Misguided as my supervisor was, she wasn’t just one rogue professor in the bunch. Anti-racism fever ran rampant through the school’s institutional culture.

To commemorate Juneteenth 2020, Abington’s DEI director told us: “Stop being afraid of your own internalized white supremacy” and “Hold other white people accountable.”

That same week, amid faculty panic over a masked-up return to campus, one colleague invoked “history and white male privilege” to forecast, without discernible evidence: “One can already see a mile away that there will be some who resist wearing masks, etc. Such resistance is also more likely to be led by white males and in classrooms taught by women and people of color.”

In September 2021, I complied with my state-mandated duty to report bias in these (and other) incidents.  The Penn State Affirmative Action Office summoned me into a Zoom meeting, where its associate director informed me, “There is a problem with the white race,” and then directed me to continue attending anti-racist workshops “until you get it.”

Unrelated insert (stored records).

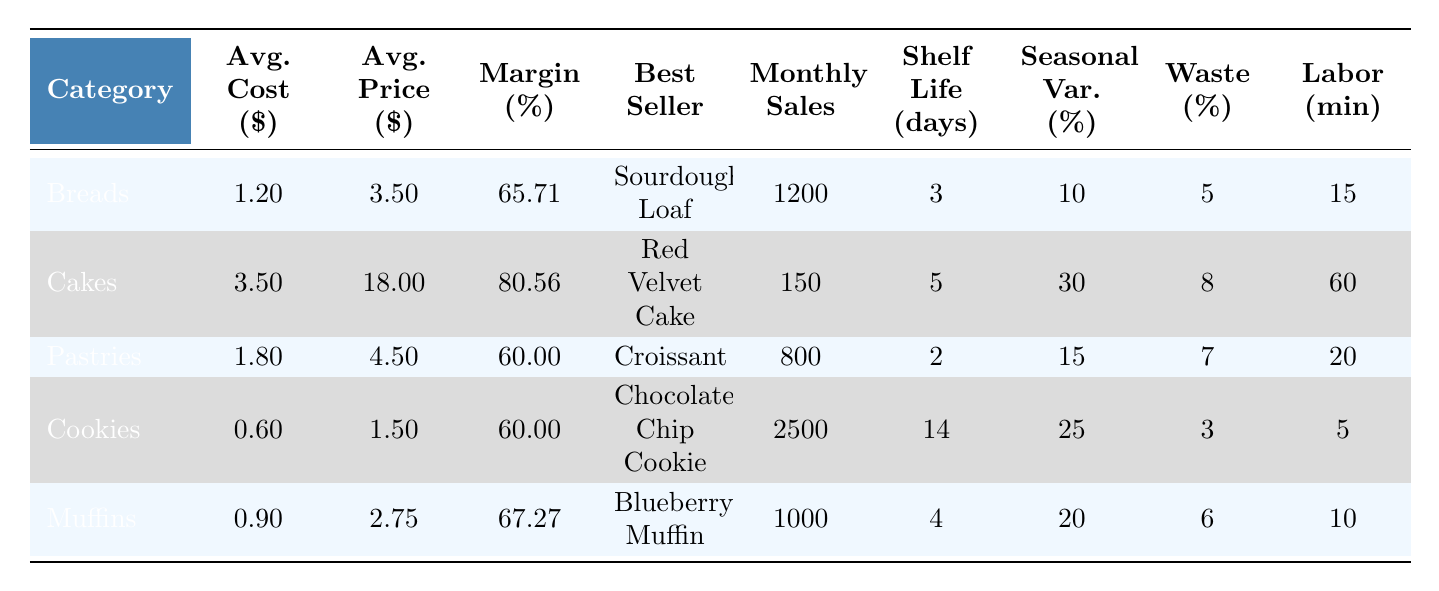What is the average ingredient cost for Cakes? The average ingredient cost for Cakes is listed directly in the table as $3.50.
Answer: $3.50 Which product category has the highest profit margin? The profit margins for the categories are: Breads (65.71%), Cakes (80.56%), Pastries (60.00%), Cookies (60.00%), and Muffins (67.27%). The highest is for Cakes at 80.56%.
Answer: Cakes What is the total monthly sales volume for Cookies and Muffins combined? The monthly sales volume for Cookies is 2500 and for Muffins is 1000. Adding these values gives 2500 + 1000 = 3500.
Answer: 3500 Does the Pastries category have a higher average selling price than the Muffins category? The average selling price for Pastries is $4.50 and for Muffins is $2.75. Since $4.50 is greater than $2.75, the statement is true.
Answer: Yes What is the average shelf life of all the product categories? The shelf lives for Breads, Cakes, Pastries, Cookies, and Muffins are 3, 5, 2, 14, and 4 days respectively. The sum is 3 + 5 + 2 + 14 + 4 = 28 days. Dividing by 5 gives an average of 28/5 = 5.6 days.
Answer: 5.6 days Which product category has the lowest ingredient waste percentage? The ingredient waste percentages are: Breads (5%), Cakes (8%), Pastries (7%), Cookies (3%), and Muffins (6%). The lowest is for Cookies at 3%.
Answer: Cookies Calculate the profit margin for the Breads category in a monetary value per unit. The average selling price for Breads is $3.50 and the average ingredient cost is $1.20. The profit per unit is $3.50 - $1.20 = $2.30, which shows a profit margin of 2.30/3.50 * 100 = 65.71%, verifying the percentage.
Answer: $2.30 How many more monthly sales are there for Cookies compared to Cakes? Monthly sales for Cookies is 2500 and for Cakes is 150. The difference is 2500 - 150 = 2350.
Answer: 2350 Is the seasonal demand variation for Pastries greater than that of Muffins? The seasonal demand variations are 15% for Pastries and 20% for Muffins. Since 15% is less than 20%, the statement is false.
Answer: No What is the combined labor time required to produce one unit of each product category? The labor times for each category are 15, 60, 20, 5, and 10 minutes, respectively. Adding them together gives 15 + 60 + 20 + 5 + 10 = 110 minutes.
Answer: 110 minutes

The next anti-racist workshop was titled “The Myth of the Colorblind Writing Classroom: White Instructors Confront White Privilege in Their Classrooms.” During this meeting, my supervisor provided this quote: “Without attending to issues of inequity and particularly the role race [plays] in constructing social inequities, we remain unaware of and thereby unwittingly reproduce racist discourses and practices in our classrooms.”

As the target audience for this message, I sensed that I’d soon get accused of racism for holding my students to reasonable (and necessary) standards. I could feel my $53,000-a-year, nontenured, and nonunion job hanging in the balance. So I asked for examples of how I could bring equity into my classroom and what this actually looked like in practice.

Rather than help me to “get it,” the Affirmative Action Office deemed my questions to be evidence of bullying and harassment. Yet, my supervisor’s yearslong actions were “in line with the Campus Strategic Plan.” Human Resources asked me to sign a performance reprimand, then Penn State inserted those charges into my annual performance review.

Now I’m fighting back.

With a right-to-sue letter from the Justice Department, it’s time for Penn State to account for real racial discrimination, harassment, and retaliation. I’ve got the support of Allen Harris Law and a nonpartisan civil rights group called the Foundation Against Intolerance and Racism.

“Anti-racism” isn’t quite the right term to describe the performative activism that’s happening across academia and corporate America. Let’s call this hustle what it is: plain and simple racism.

And just like racism, the so-called anti-racist movement threatens everything in its path: freedom of speech, due process, healthy workplace relationships, professional excellence, academic rigor, and the psychological welfare of teachers and students alike.